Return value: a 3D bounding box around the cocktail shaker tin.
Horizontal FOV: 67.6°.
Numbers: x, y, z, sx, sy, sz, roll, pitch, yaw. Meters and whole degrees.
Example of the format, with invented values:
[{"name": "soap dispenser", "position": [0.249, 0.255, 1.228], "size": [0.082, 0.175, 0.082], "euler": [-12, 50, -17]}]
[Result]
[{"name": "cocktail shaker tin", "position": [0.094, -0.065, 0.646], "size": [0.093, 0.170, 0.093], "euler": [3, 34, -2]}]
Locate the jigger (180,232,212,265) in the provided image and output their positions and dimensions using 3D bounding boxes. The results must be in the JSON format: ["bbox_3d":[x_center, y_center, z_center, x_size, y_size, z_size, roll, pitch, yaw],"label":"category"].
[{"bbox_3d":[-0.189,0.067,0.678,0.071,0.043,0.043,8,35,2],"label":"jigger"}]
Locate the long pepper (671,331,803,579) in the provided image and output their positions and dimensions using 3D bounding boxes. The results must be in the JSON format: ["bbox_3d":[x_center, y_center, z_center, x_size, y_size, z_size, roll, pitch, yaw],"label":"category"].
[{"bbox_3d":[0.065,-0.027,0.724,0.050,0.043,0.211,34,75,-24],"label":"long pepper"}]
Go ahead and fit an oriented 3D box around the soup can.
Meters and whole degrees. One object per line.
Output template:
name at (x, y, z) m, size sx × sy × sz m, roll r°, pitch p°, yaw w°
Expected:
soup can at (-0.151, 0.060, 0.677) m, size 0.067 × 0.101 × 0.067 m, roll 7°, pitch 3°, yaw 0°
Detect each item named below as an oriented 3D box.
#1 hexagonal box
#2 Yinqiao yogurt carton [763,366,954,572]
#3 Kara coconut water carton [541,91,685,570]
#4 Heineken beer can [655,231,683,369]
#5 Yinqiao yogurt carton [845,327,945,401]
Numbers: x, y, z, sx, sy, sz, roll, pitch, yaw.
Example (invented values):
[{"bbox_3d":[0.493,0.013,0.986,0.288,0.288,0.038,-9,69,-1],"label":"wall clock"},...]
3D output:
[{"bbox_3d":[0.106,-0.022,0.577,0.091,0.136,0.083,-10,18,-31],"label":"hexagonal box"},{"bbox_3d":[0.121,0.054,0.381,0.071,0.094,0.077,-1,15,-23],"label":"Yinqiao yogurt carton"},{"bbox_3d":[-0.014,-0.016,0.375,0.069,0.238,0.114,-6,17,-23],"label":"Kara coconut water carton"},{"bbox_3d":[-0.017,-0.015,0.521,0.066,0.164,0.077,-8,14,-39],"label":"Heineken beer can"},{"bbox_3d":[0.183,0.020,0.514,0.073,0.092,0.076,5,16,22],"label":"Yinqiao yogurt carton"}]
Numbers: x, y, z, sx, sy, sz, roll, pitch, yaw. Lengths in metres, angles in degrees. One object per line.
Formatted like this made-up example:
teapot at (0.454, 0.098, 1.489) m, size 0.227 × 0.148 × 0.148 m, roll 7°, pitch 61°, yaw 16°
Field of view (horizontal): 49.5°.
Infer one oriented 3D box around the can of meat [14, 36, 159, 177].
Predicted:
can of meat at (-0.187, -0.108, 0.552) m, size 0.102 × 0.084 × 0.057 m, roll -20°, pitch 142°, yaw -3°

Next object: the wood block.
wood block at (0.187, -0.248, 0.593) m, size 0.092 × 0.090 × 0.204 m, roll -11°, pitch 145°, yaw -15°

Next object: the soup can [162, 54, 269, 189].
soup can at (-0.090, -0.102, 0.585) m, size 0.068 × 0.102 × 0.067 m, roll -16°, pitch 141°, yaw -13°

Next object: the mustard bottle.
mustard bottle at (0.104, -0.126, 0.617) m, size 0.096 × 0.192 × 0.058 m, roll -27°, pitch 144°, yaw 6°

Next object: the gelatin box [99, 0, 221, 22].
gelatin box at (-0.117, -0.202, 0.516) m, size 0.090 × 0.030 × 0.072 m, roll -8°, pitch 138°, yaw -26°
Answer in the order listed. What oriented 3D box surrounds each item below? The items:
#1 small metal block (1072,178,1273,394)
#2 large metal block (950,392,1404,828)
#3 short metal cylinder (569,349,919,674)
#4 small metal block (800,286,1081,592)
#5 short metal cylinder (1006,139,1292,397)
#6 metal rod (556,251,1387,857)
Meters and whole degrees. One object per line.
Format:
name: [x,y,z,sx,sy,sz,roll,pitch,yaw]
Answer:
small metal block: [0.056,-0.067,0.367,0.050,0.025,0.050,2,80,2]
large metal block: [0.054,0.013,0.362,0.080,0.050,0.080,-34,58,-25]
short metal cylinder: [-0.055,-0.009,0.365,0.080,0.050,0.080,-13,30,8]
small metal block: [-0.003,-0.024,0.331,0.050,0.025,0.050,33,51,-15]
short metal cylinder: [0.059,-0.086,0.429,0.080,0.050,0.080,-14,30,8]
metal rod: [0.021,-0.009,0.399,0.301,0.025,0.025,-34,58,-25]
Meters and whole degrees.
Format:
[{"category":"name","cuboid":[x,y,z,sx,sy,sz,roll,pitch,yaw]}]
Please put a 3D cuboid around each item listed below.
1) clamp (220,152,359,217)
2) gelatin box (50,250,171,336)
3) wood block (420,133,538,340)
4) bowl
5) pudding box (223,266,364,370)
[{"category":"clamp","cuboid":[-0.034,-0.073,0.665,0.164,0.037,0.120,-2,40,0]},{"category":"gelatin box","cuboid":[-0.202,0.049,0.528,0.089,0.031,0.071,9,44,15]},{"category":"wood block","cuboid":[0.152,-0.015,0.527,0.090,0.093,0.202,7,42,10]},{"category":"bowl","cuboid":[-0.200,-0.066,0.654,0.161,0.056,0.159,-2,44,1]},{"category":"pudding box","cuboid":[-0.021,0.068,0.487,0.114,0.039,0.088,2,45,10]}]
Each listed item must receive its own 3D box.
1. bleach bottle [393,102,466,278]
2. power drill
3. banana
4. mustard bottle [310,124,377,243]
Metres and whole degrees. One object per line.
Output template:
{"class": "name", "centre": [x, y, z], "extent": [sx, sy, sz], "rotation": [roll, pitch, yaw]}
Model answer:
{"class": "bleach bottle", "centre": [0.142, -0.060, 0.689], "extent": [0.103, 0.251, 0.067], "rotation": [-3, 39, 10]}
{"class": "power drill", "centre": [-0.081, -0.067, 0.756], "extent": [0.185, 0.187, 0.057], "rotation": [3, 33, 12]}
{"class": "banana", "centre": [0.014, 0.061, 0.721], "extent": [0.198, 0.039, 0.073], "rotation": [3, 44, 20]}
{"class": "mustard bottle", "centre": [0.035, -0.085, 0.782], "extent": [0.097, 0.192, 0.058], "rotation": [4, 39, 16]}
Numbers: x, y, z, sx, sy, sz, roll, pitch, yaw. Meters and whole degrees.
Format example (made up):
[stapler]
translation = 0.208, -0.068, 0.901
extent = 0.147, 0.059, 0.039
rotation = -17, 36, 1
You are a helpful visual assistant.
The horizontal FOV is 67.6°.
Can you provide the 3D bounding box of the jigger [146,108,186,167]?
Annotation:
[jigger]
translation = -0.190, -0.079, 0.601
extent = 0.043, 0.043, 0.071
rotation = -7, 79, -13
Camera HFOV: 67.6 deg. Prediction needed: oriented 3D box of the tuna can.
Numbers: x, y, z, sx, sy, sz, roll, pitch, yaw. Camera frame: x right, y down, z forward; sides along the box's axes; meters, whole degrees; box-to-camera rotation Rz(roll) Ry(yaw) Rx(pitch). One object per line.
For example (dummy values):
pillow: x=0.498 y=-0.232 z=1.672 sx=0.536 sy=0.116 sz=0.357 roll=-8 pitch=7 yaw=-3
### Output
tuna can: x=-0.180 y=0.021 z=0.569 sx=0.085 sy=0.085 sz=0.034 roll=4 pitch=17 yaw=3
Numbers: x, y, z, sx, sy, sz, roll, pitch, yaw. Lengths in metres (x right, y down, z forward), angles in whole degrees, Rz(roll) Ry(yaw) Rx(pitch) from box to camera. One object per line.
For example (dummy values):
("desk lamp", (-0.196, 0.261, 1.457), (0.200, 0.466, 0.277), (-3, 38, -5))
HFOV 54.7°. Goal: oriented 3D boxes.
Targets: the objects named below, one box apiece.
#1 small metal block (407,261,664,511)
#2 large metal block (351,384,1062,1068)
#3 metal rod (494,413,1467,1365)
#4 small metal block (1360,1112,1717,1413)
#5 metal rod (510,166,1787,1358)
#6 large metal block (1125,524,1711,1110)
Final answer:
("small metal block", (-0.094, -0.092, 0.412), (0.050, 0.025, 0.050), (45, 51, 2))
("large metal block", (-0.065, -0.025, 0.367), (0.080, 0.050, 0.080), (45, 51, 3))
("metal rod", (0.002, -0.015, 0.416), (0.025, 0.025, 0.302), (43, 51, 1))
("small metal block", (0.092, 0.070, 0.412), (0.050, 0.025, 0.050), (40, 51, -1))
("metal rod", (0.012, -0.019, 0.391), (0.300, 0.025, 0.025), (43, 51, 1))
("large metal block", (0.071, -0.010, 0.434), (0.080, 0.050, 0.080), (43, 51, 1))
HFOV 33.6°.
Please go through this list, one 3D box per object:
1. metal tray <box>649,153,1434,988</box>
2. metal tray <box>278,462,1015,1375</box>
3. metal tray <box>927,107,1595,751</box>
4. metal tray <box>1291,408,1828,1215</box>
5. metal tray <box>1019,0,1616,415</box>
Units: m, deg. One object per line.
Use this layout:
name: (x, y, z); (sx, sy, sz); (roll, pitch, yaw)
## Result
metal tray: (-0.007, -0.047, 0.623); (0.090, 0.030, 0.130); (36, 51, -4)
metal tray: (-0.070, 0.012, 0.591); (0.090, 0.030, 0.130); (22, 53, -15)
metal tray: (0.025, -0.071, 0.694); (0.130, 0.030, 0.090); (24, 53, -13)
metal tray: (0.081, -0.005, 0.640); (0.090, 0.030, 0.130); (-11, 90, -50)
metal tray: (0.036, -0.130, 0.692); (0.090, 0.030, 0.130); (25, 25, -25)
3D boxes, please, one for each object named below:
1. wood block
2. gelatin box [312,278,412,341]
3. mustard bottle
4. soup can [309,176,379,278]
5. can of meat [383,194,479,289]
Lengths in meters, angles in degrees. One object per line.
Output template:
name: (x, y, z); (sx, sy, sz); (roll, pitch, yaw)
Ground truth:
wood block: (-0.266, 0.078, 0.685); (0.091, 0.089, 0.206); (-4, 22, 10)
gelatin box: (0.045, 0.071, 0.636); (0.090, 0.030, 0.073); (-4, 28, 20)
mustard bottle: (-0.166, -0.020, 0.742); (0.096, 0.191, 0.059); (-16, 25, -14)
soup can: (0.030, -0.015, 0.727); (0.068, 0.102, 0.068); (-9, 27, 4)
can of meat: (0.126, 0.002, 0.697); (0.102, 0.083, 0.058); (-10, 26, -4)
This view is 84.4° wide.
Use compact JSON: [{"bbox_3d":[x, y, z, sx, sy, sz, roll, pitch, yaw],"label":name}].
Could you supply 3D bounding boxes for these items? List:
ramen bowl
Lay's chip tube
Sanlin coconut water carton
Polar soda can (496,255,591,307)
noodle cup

Directions for this task
Filter the listing for the word "below" and copy every line that holds it.

Answer box
Detect each item named below as an oriented 3D box.
Answer in the order listed. What oriented 3D box surrounds each item below? The items:
Please put a 3D cuboid around each item listed below.
Targets: the objects named below, one box apiece.
3D boxes, please, one for each object named below:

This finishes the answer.